In Nigeria, Port Harcourt, Lagos and Abuja are the cities where people are most interested in the website. Though Rivers retained the top spot in terms of states, Kano, Oyo, Ogun and Enugu generated more searches than Lagos. And tellingly in the US, the top 10 cities with the largest Nigerian populations were among the 30 cities where the site generated the most interest.

It’s easy to understand why the exchange rate of the naira to the dollar is of interest among Nigerians living in Kano, London and Texas. For some Nigerians the greenback is the default hedge against inflation or currency devaluation. Besides, a large proportion of the money Nigerians living abroad send home is from the US and UK (in 2017, UK-based Nigerians sent £3.7 million home). In the past 90 days, interest from Port Harcourt has dropped overtaken by Imo state. Abuja, Lagos, Maryland, New Jersey and Texas still search for AbokiFX; nothing compared to the February peak.
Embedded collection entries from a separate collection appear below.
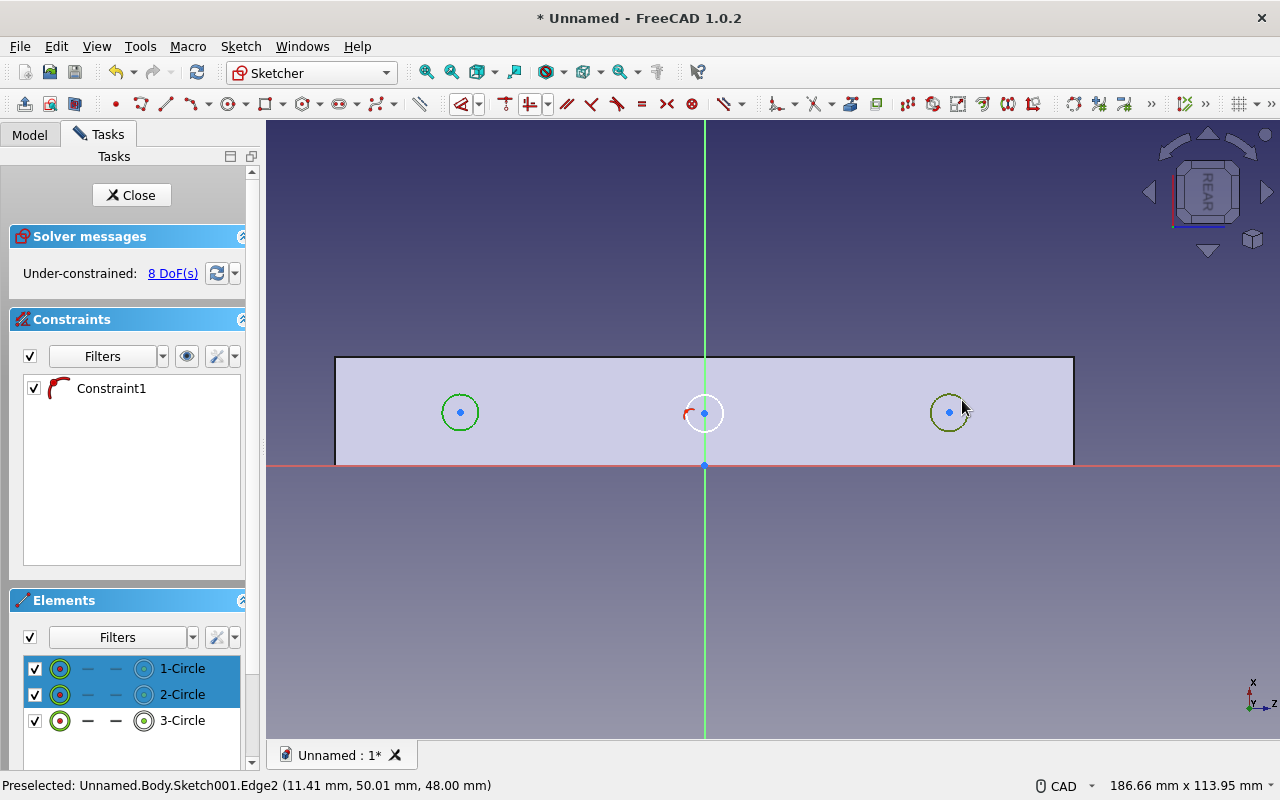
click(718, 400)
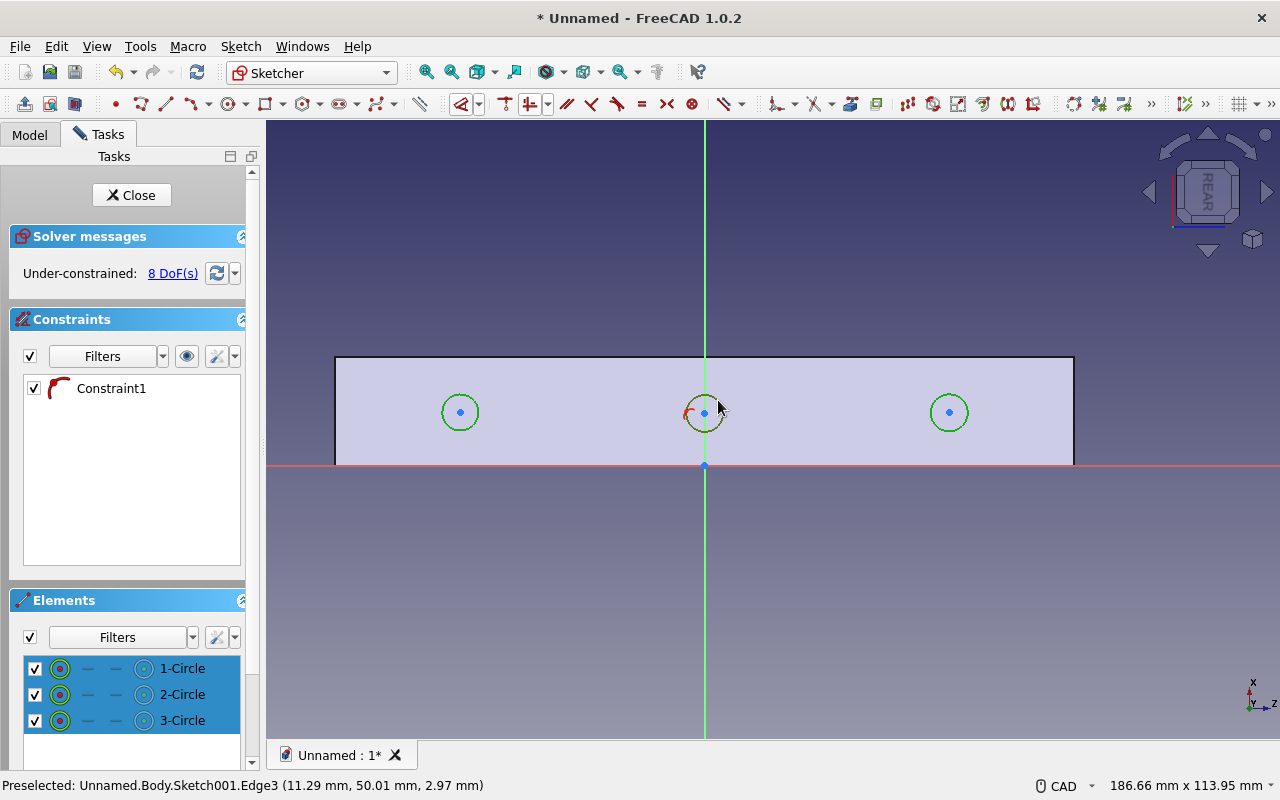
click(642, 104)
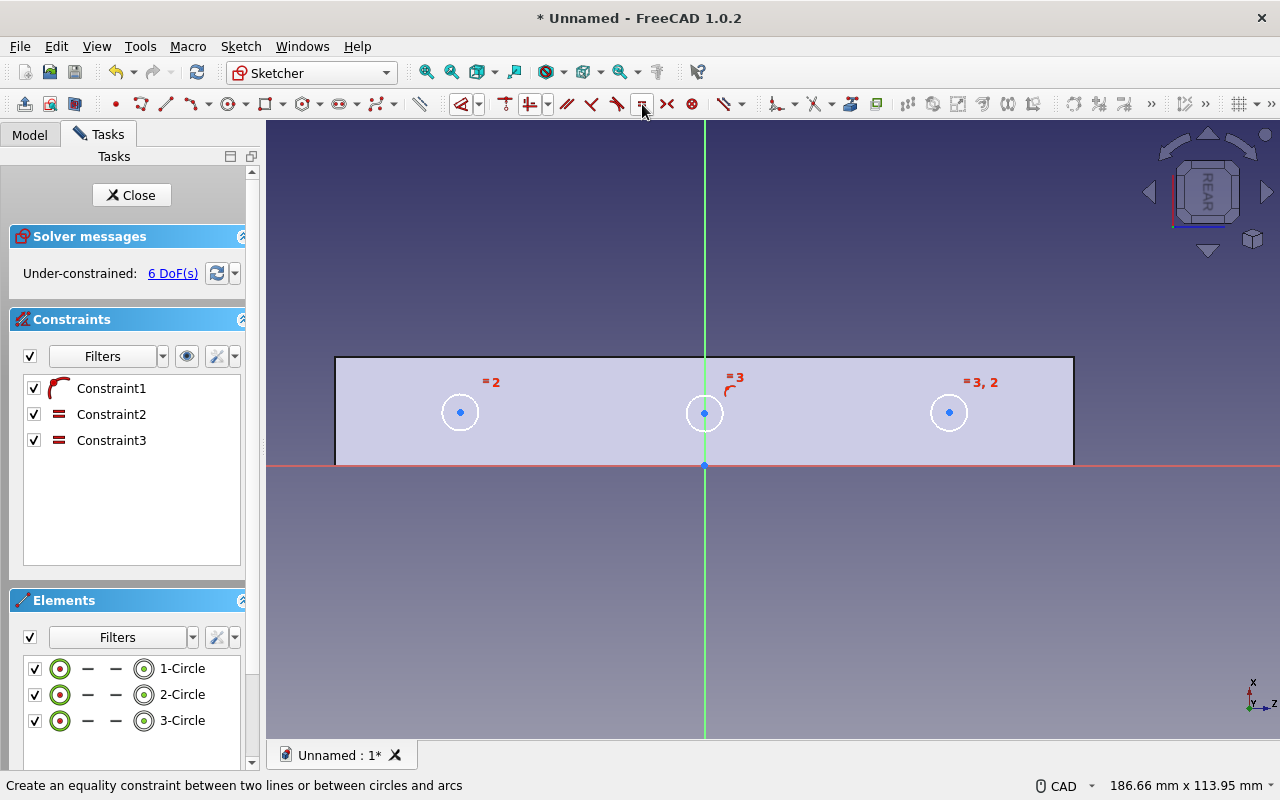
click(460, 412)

Should the rate at which a naira exchanges for a dollar interest someone living in Oyo or Nasarawa? A slow, uncertain recovery from the recession is enough reason. Experts advise that local businesses and investors to make conservative business plans; have sufficient cash in reserve; to avoid currency mismatches i.e. dollar-denominated loans paid from naira earnings and to diversify risks by investing elsewhere than Nigeria.

If cash reigns supreme among the list of liquid assets, then the dollar is king; for now. And since the often disjointed economic policies of Nigeria tend to shoot without missing, Nigerians have learned to fly to the dollar for safety, a habit developed during the hard knock life of the 1980s.

The economic crisis in mid to late 1980s resulted in a recession in 1991. Oil prices had plunged, the dollar was insufficient to meet our disproportionate appetite for imports, and the CBN, jettisoning market forces to determine the exchange rate, resorted to fixed rates and restrictions. Many turned to the black market. Shortly after its coup in April 1984, the Buhari-led military government passed a decree to combat black marketeering (a very Nigerian expression) and currency trafficking.

This period gave birth to multiple exchange rates: official, parallel or black market; practices such as round-tripping and arbitrage i.e. taking advantage of differences between the official and black market rates. Similarly, an alphabet soup of acronyms emerged: DAS, BDC, SFEM, AFEM, IFEM, and UFEM. Some of these acronyms died while others evolved.

Take UFEM. It stands for Underground Foreign Exchange Market, and was dominated by mallams. In a study of the black market during the devaluation in the 1990s, Charles Adesina, a professor of history, notes that, “The operators of UFEM moved into the spaces opened up by the incoherent policies, formal sector corruption and the sheer absence of needed financial services to provide a whole portfolio of financial services – at a price – to the public.”

Contrary to popular stereotype the mallams were connected, savvy, organised and had a rich tradition of foreign exchange transactions that dates back to pre-colonial trade routes in West Africa.

Because they sold at market rates the premium between what they offered and the official rate was an irresistible source of corruption for government officials and financial institutions. To correct this anomaly licences were given to bureau de change (BDC) operators. Yet the black market prevailed and morphed into BDCs.

Technology, however, is disrupting the efficient, convenient, safe and expeditious service they once provided. A service the mysterious AbokiFX has disrupted, democratising information that was once their advantage.

This month makes it a year since the Association of Bureaux De Change Operators of Nigeria (ABCON) launched naijabdcs, their website. It’s their response to the foreign, “inauthentic” and unrealistic AbokiFX.